Calculating Total Acceleration of Cylinder, Object A & Object B

[Josh93]

Homework Statement

,
the pulley, object a and object b all have the same mass
The cylinder rotates without sliding
He asked for the cylinder's acceleration in m(mass),g(gravitation), r(radius) variables

Homework Equations

The Attempt at a Solution

Okay, so my teacher said that the frictional force oppose the line tension,
Object 1(cylinder)
$$\sum torque=(line tension2 . radius) - (frictionalforce . radius) = m.a$$
Pulley
(line tension1-linetension2)xradius=1/2mr²
Object B
Line tension1 - weight = m . a
what I don't get is why my teacher said that object a's acceleration is the total of its tangential acceleration and its linear acceleration.

 

[Doc Al]

what I don't get is why my teacher said that object a's acceleration is the total of its tangential acceleration and its linear acceleration.

You need to relate the linear acceleration of object A to the linear acceleration of object B. (They are not the same, so be sure to use different symbols for those accelerations.) Note that the acceleration of B will equal the acceleration of the connecting rope that is wound around the cylinder, which can be found by combining the linear and tangential acceleration of object A.

 

[Josh93]

You need to relate the linear acceleration of object A to the linear acceleration of object B. (They are not the same, so be sure to use different symbols for those accelerations.) Note that the acceleration of B will equal the acceleration of the connecting rope that is wound around the cylinder, which can be found by combining the linear and tangential acceleration of object A.

Okay, so object b's acceleration is the same as the rope around the pulley's acceleration which is the total of the object a's tangential and linear acceleration? What about object a's acceleration? Is it just its own linear acceleration?

 

[Doc Al]

What about object a's acceleration? Is it just its own linear acceleration?

Sure. (At least that's the acceleration of its center of mass.) Hint: What's the relationship between A's linear and rotational acceleration?

 

[Josh93]

Sure. (At least that's the acceleration of its center of mass.) Hint: What's the relationship between A's linear and rotational acceleration?

Well, A rotates without slipping so I guess its rotational and linear acceleration are the same. So that's why B's acceleration is 2 times A's linear acceleration(Because A rotates without slipping) and A's acceleration is just the same as its linear acceleration. Is that correct?

 

[Doc Al]

Well, A rotates without slipping so I guess its rotational and linear acceleration are the same. So that's why B's acceleration is 2 times A's linear acceleration(Because A rotates without slipping) and A's acceleration is just the same as its linear acceleration. Is that correct?

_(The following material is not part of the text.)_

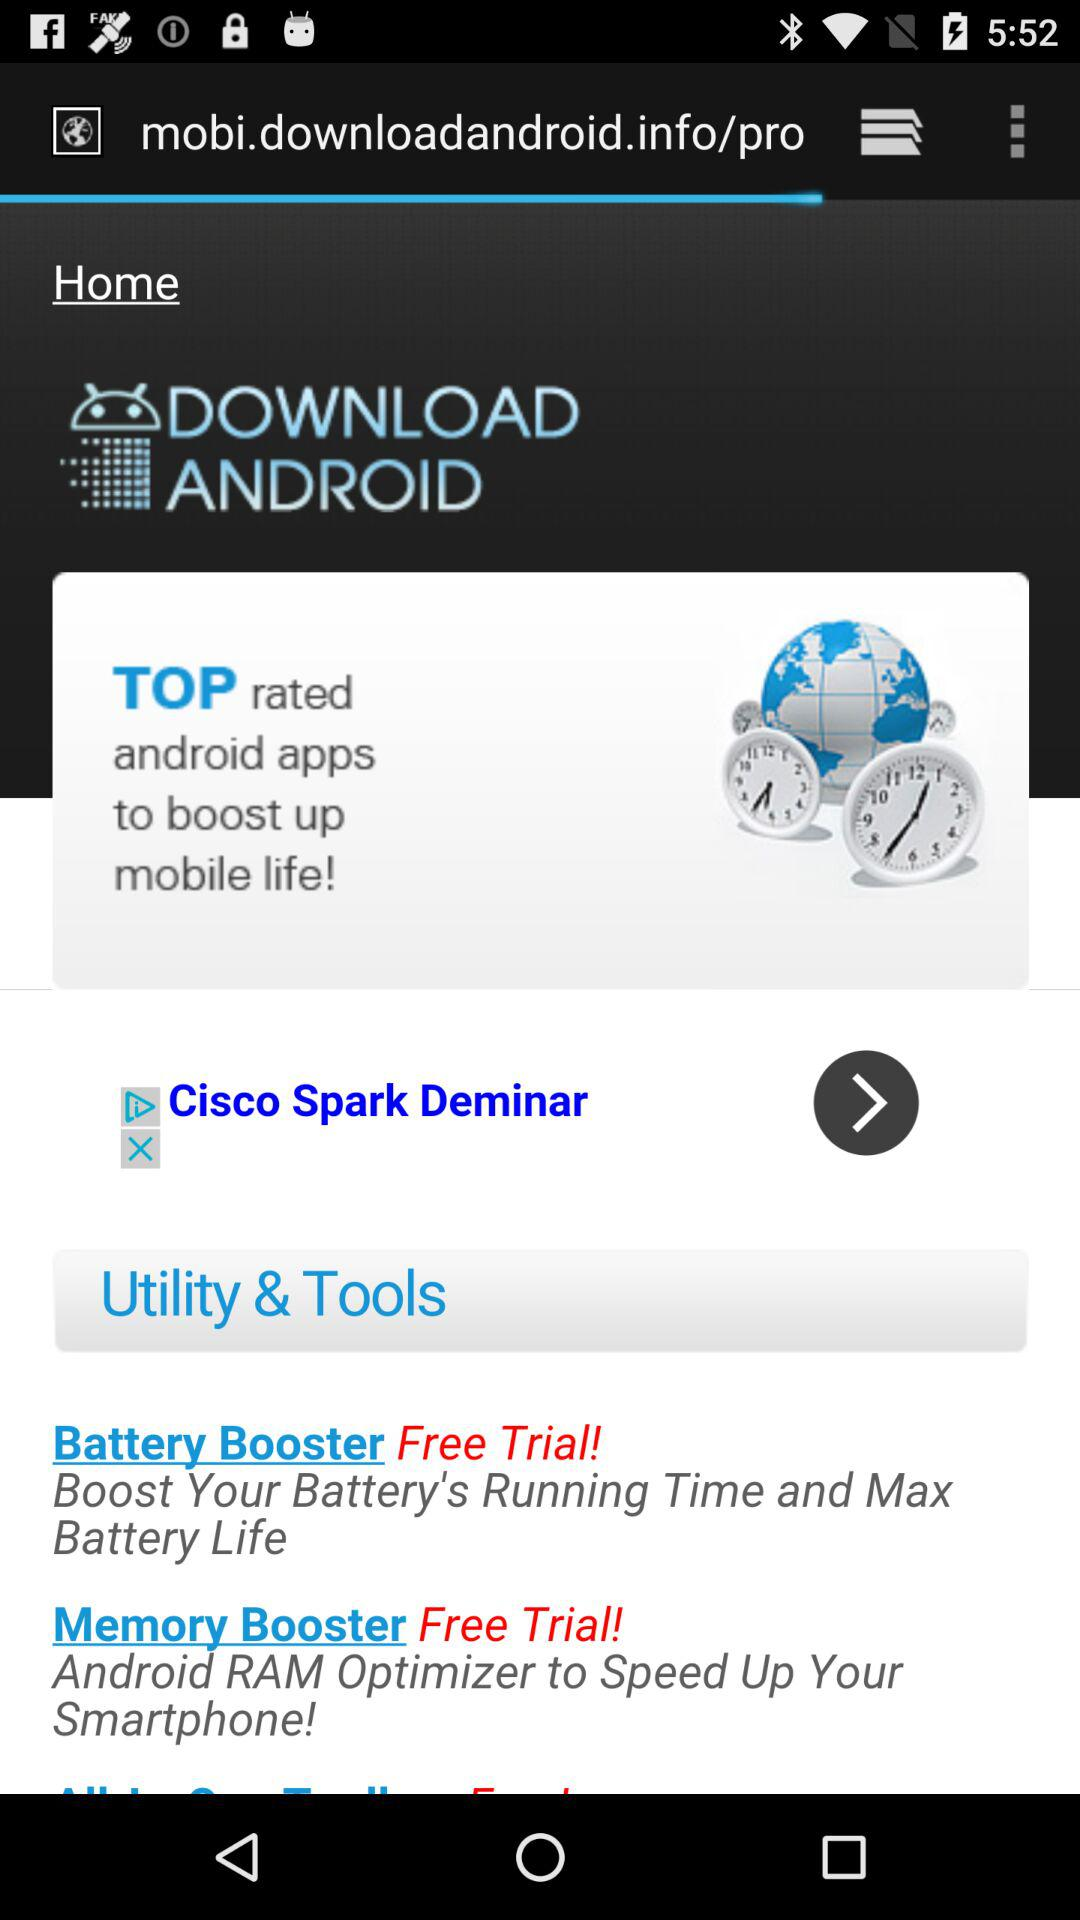Which booster boosts the battery's running time and maximizes battery life? The booster that boosts the battery's running time and maximizes battery life is "Battery Booster".

Yes, that's it. Instead of saying the rotational and linear accelerations are the same, which can't be true (they have different units, for one thing!), you can state their relationship as: a = alpha*r. (Which is the condition for rolling without slipping.) But you have the right idea.

 

[Josh93]

Yes, that's it. Instead of saying the rotational and linear accelerations are the same, which can't be true (they have different units, for one thing!), you can state their relationship as: a = alpha*r. (Which is the condition for rolling without slipping.) But you have the right idea.

Two more questions, if A rotates with slipping, does that mean that its tangential acceleration and its linear acceleration is different? And if an object rotates with slipping does that mean that the frictional force oppose the direction it's moving in and if an object rotates without slipping it's frictional force is in the same direction as the object?
Btw, thanks for you answers, you've been a great help

 

[Doc Al]

Two more questions, if A rotates with slipping, does that mean that its tangential acceleration and its linear acceleration is different?

If an object rolls without slipping, then the linear acceleration a = alpha*r; if there is slipping, then that's not true.

And if an object rotates with slipping does that mean that the frictional force oppose the direction it's moving in and if an object rotates without slipping it's frictional force is in the same direction as the object?

Friction always opposes slipping between surfaces. To know which way the friction points, you have to know which way the surfaces are tending to slip. (Sometimes it's not obvious.) For example: Consider a car's tires. When you are skidding to a stop (and thus slipping against the ground), the friction opposes your motion; but when you slam on the accelerator and the tires spin, the friction acts in the direction of your motion.